OK, that’s fine. I messed up. But how do I undo it? Unfortunately, the list of applications in the Security and Privacy preference pane is only of those that I have clicked “OK” for. There’s no list of the ones that I’ve denied, and no apparent option to drag in or add applications explicitly. For this high level problem, I filed Radar #42081464: “TCC needs user-facing mechanism for allowing previously denied privileges.”
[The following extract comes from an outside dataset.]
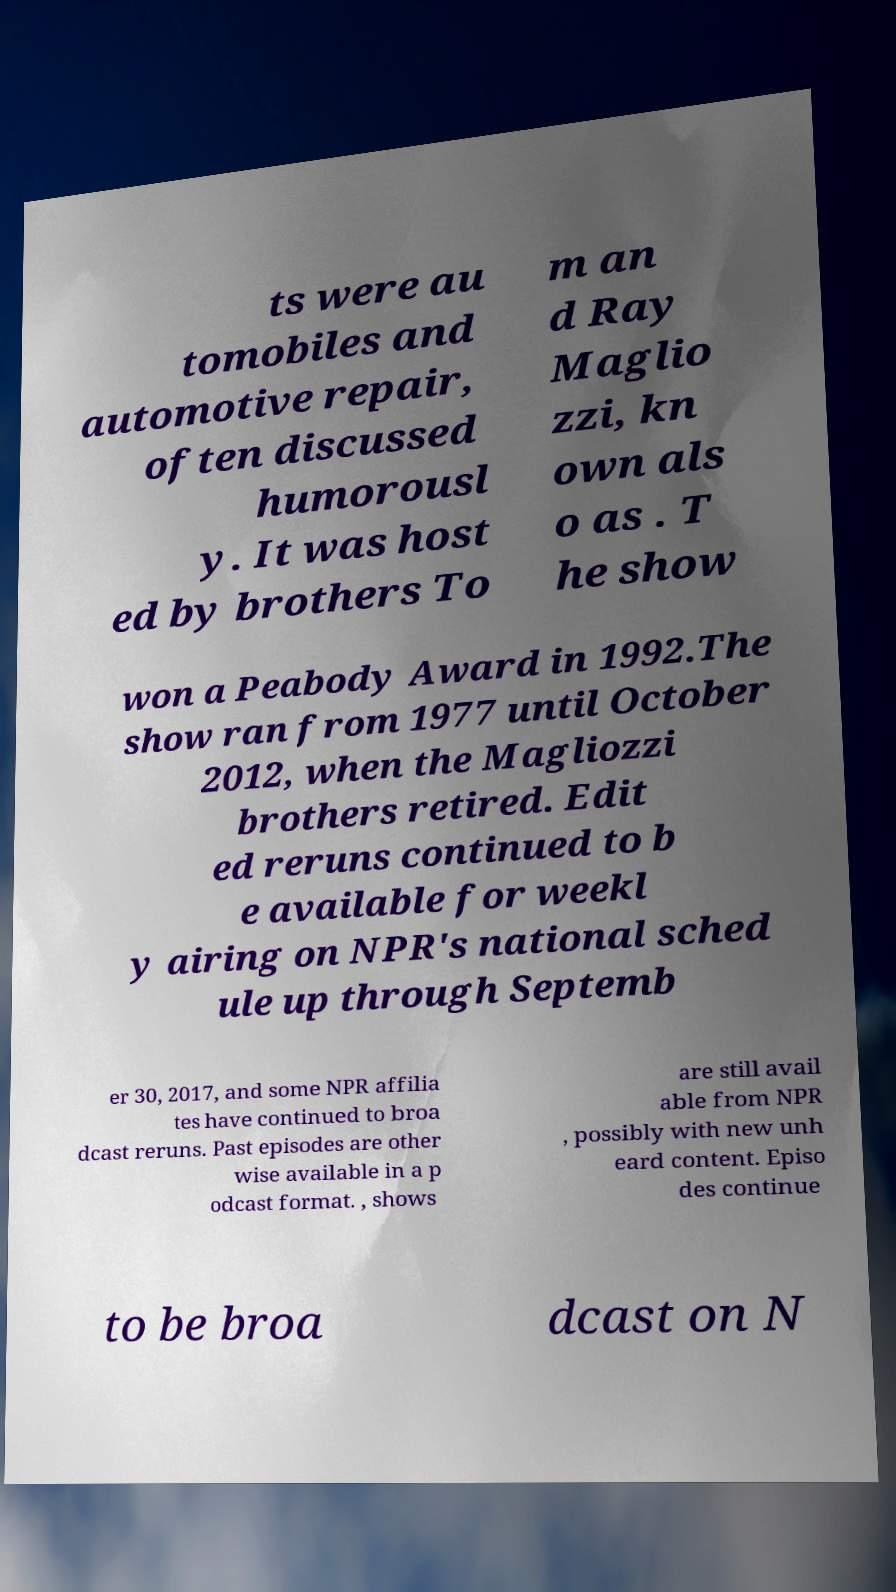Could you assist in decoding the text presented in this image and type it out clearly? ts were au tomobiles and automotive repair, often discussed humorousl y. It was host ed by brothers To m an d Ray Maglio zzi, kn own als o as . T he show won a Peabody Award in 1992.The show ran from 1977 until October 2012, when the Magliozzi brothers retired. Edit ed reruns continued to b e available for weekl y airing on NPR's national sched ule up through Septemb er 30, 2017, and some NPR affilia tes have continued to broa dcast reruns. Past episodes are other wise available in a p odcast format. , shows are still avail able from NPR , possibly with new unh eard content. Episo des continue to be broa dcast on N 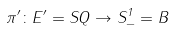<formula> <loc_0><loc_0><loc_500><loc_500>\pi ^ { \prime } \colon E ^ { \prime } = S Q \to S ^ { 1 } _ { - } = B</formula>

What’s TCC? I’ll be darned, I don’t know what it stands for. But it’s the name of the system Apple uses for managing the system’s so-called “privacy database.” This is where these and other permissions, granted by the user, are saved. For instance, in macOS 10.13 when the system asks whether to grant access to your Address Book or Contacts, the permission is saved, and managed thereafter, by TCC.

Resetting TCC Privileges

I knew from past experience testing Contacts privileges in my own apps, that Apple supports a mechanism for resetting privileges. Unfortunately, it’s pretty crude: if you want to change the authorization setting for an application you’ve previously weighed in on, you have to universally wipe out all the privileges for all apps using a particular service. For Contacts, for example:

tccutil reset AddressBook

This completely removes the list of apps authorized to access Contacts. (The AddressBook naming is a vestige of the app’s former user-facing name.) In fact, if you type “man tccutil” from the Terminal, you’ll find that AddressBook is the only service explicitly documented by the tool. Fixing my Xcode problem is not going to happen by resetting AddressBook privileges. So what do I reset? I tried the most obvious choice, “Automation,” results in an error: “tccutil: Failed to reset database”.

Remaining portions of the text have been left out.